The group ran through various combinations of conventional solutions for this acoustical challenge, but ultimately, the answer was mainly technological.

“We knew that in order to make the space work equally well for all of the different program needs, we would need an electronic-architecture solution,” Cooper says. “Electronic architecture would provide the full range of variability needed to take the relatively dry natural signature of the room and smoothly fill in the diffuse energy field needed for chamber music.”

Implementation of the JaffeHolden Electronic Reflected Energy System (ERES — see sidebar on p. 56) meant that the room could be adapted electronically for other kinds of performances.

“Once we knew we were going to add an ERES, we also knew we needed to have the sound-absorbing areas more evenly distributed around the room,” Cooper says. “Although the ERES could work with the room as designed, balancing the absorption around the room would provide a more neutral palette for the ERES application.”

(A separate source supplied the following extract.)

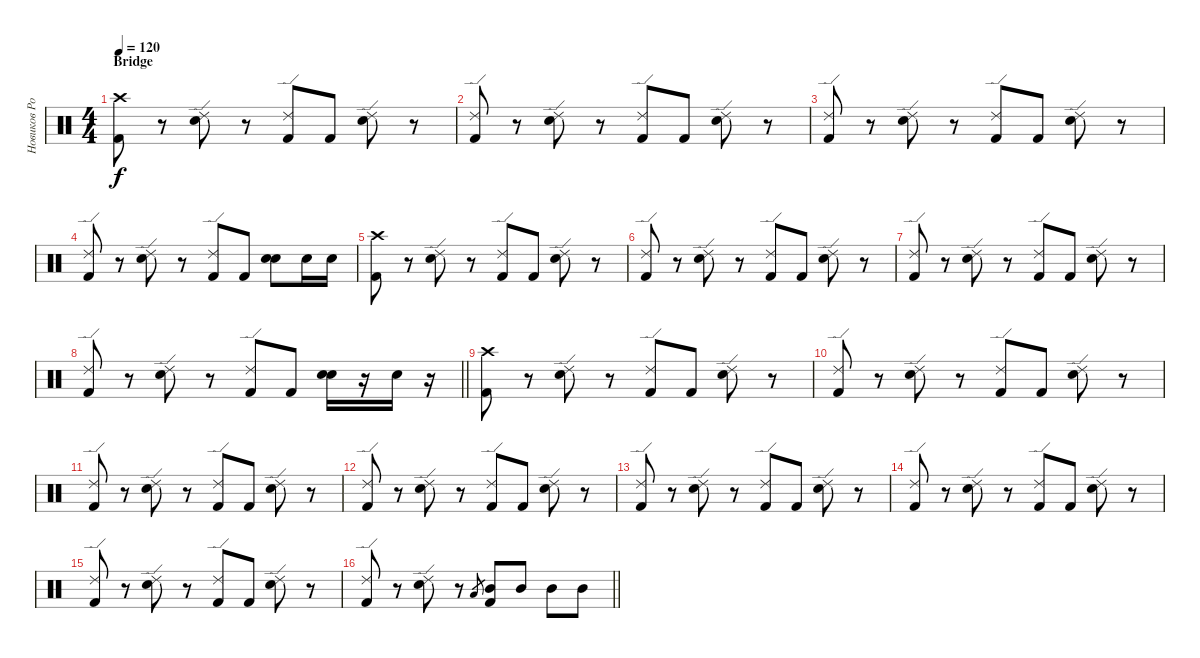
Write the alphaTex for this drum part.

The room finishes had to change somewhat, but much less dramatically than would have been needed to create a fully musical room with the desired architectural look.

ERES works by sensing ambient sound in a space and creating appropriate sound reflections or boosting weak ones through a series of strategically placed loudspeakers. Loudspeakers for the ERES are mounted to the lighting pipes around the room, with subwoofers hidden in the ceiling. The entire room is now surfaced with slatted wood, which allows absorptive materials to be discreetly installed in areas where absorption is required. Alternating these materials not only balanced the room's acoustic signature, but it also maintained the consistent look sought by Renzo Piano.